Task instructions -
Repeat the entries word for word. Leave nothing out.

Data records -

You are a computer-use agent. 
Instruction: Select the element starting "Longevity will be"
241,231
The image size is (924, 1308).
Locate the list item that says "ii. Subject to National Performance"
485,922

Solution to the problem -
You are a computer-use agent. 
Instruction: Select the element starting "Longevity will be"
241,231
The image size is (924, 1308).
Locate the list item that says "ii. Subject to National Performance"
485,922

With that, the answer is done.